How about this for solving that issue

Just turned up in my shipment

5x Magnification - 1080p - Weaver mounts - designed for shooting



ATN Shot Trak HD - Sports Camera

----------


## johnino

Mmmm great website. If money was no object....

----------


## FletchNZ

I just got a m5 fender washer, grinded it into shape and turned it into a recoil stopper

----------


## 300winmag

> How about this for solving that issue
> 
> Just turned up in my shipment
> 
> 5x Magnification - 1080p - Weaver mounts - designed for shooting
> 
> Attachment 27509
> 
> ATN Shot Trak HD - Sports Camera


Do have any in stock??
I would be interested in using one on a 300 win mag, would it handle the recoil??

----------


## Nibblet

5x mag though on a 300 win mag? Would have thought something like the torrey pines logic eagle eye would be better suited for long range?

----------


## 300winmag

> 5x mag though on a 300 win mag? Would have thought something like the torrey pines logic eagle eye would be better suited for long range?


Going to Aussie in a few weeks, maximum range around 150 yds, 5 x magnification would be all I need.

----------


## Nibblet

> Going to Aussie in a few weeks, maximum range around 150 yds, 5 x magnification would be all I need.

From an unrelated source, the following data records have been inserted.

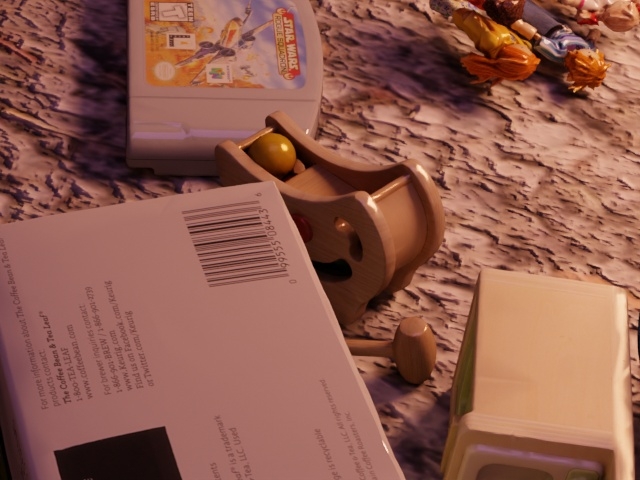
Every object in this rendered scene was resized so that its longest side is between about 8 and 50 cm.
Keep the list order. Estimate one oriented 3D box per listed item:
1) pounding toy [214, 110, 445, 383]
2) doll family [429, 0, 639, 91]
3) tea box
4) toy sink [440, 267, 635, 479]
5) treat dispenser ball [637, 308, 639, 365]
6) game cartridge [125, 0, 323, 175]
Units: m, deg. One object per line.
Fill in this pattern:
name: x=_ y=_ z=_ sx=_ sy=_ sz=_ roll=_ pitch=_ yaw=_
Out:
pounding toy: x=0.000 y=0.000 z=1.452 sx=0.155 sy=0.154 sz=0.269 roll=-32 pitch=57 yaw=-33
doll family: x=0.219 y=-0.219 z=1.748 sx=0.263 sy=0.118 sz=0.163 roll=-3 pitch=37 yaw=-36
tea box: x=-0.091 y=0.197 z=1.126 sx=0.220 sy=0.323 sz=0.329 roll=-9 pitch=49 yaw=-16
toy sink: x=0.163 y=0.161 z=1.319 sx=0.131 sy=0.153 sz=0.234 roll=8 pitch=46 yaw=0
treat dispenser ball: x=0.398 y=0.078 z=1.337 sx=0.288 sy=0.288 sz=0.288 roll=4 pitch=45 yaw=-4
game cartridge: x=-0.097 y=-0.181 z=1.689 sx=0.198 sy=0.062 sz=0.297 roll=-3 pitch=46 yaw=-5
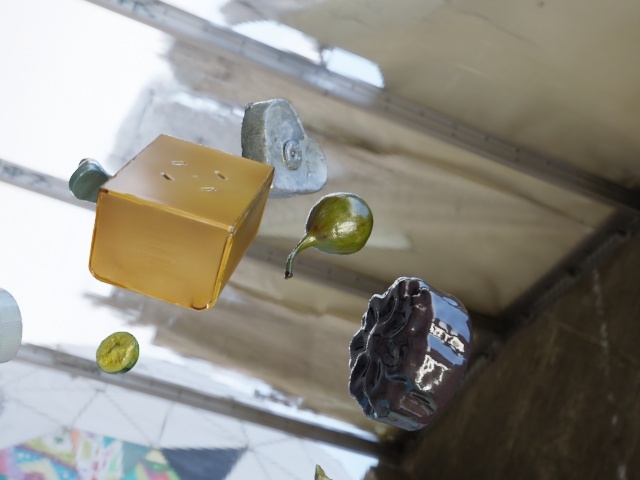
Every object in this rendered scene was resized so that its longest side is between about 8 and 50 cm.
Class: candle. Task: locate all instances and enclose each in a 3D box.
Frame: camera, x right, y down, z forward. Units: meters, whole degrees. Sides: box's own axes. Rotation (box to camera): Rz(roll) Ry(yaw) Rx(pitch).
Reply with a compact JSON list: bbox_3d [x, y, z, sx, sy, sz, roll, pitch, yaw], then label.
[{"bbox_3d":[-0.073,-0.141,1.810,0.068,0.192,0.168,-10,-141,40],"label":"candle"}]

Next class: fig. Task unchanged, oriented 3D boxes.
[{"bbox_3d":[0.000,0.000,1.969,0.236,0.124,0.124,-38,-178,-31],"label":"fig"}]

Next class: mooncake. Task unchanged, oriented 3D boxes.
[{"bbox_3d":[0.157,0.208,1.956,0.283,0.141,0.283,-52,-155,36],"label":"mooncake"}]

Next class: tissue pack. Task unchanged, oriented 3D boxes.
[{"bbox_3d":[-0.194,-0.031,1.524,0.274,0.194,0.145,-64,168,-66],"label":"tissue pack"}]

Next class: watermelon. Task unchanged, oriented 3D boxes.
[{"bbox_3d":[-0.449,0.260,2.365,0.105,0.062,0.105,-13,-127,18],"label":"watermelon"}]

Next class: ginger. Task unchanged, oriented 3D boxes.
[{"bbox_3d":[0.007,0.467,1.878,0.044,0.057,0.137,-12,-116,27],"label":"ginger"}]

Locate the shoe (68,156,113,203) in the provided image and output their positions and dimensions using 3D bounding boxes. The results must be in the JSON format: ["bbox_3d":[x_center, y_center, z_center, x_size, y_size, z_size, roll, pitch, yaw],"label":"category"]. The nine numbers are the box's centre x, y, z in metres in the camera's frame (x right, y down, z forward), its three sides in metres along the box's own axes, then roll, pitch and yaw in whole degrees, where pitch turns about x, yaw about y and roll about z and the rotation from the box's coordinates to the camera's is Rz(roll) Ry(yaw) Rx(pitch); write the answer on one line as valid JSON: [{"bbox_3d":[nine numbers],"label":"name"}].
[{"bbox_3d":[-0.465,-0.127,2.101,0.079,0.078,0.195,-39,167,0],"label":"shoe"}]

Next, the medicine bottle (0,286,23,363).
[{"bbox_3d":[-0.562,0.136,1.524,0.139,0.225,0.139,3,-86,37],"label":"medicine bottle"}]

Fair enough. I would love to give one of those TPL EagleEye's a jam but pricey

----------


## faregame

They are fine with 12g - will check on a WM - doubt thats much different to a 12g

Video from You Tube - 
ATN Shot Trak Video - YouTube

----------


## faregame

From the Factory

I haven't personally tried it on anything higher than a 308, but our spec says recoil proof. 

Lets not test that on some uber calibres that exist on the forum though

----------


## Gibo

> From the Factory
> 
> I haven't personally tried it on anything higher than a 308, but our spec says recoil proof. 
> 
> Lets not test that on some uber calibres that exist on the forum though


Im sure Kiwi Greg could test the 'recoil proof' theory with some of his demons :Grin:

----------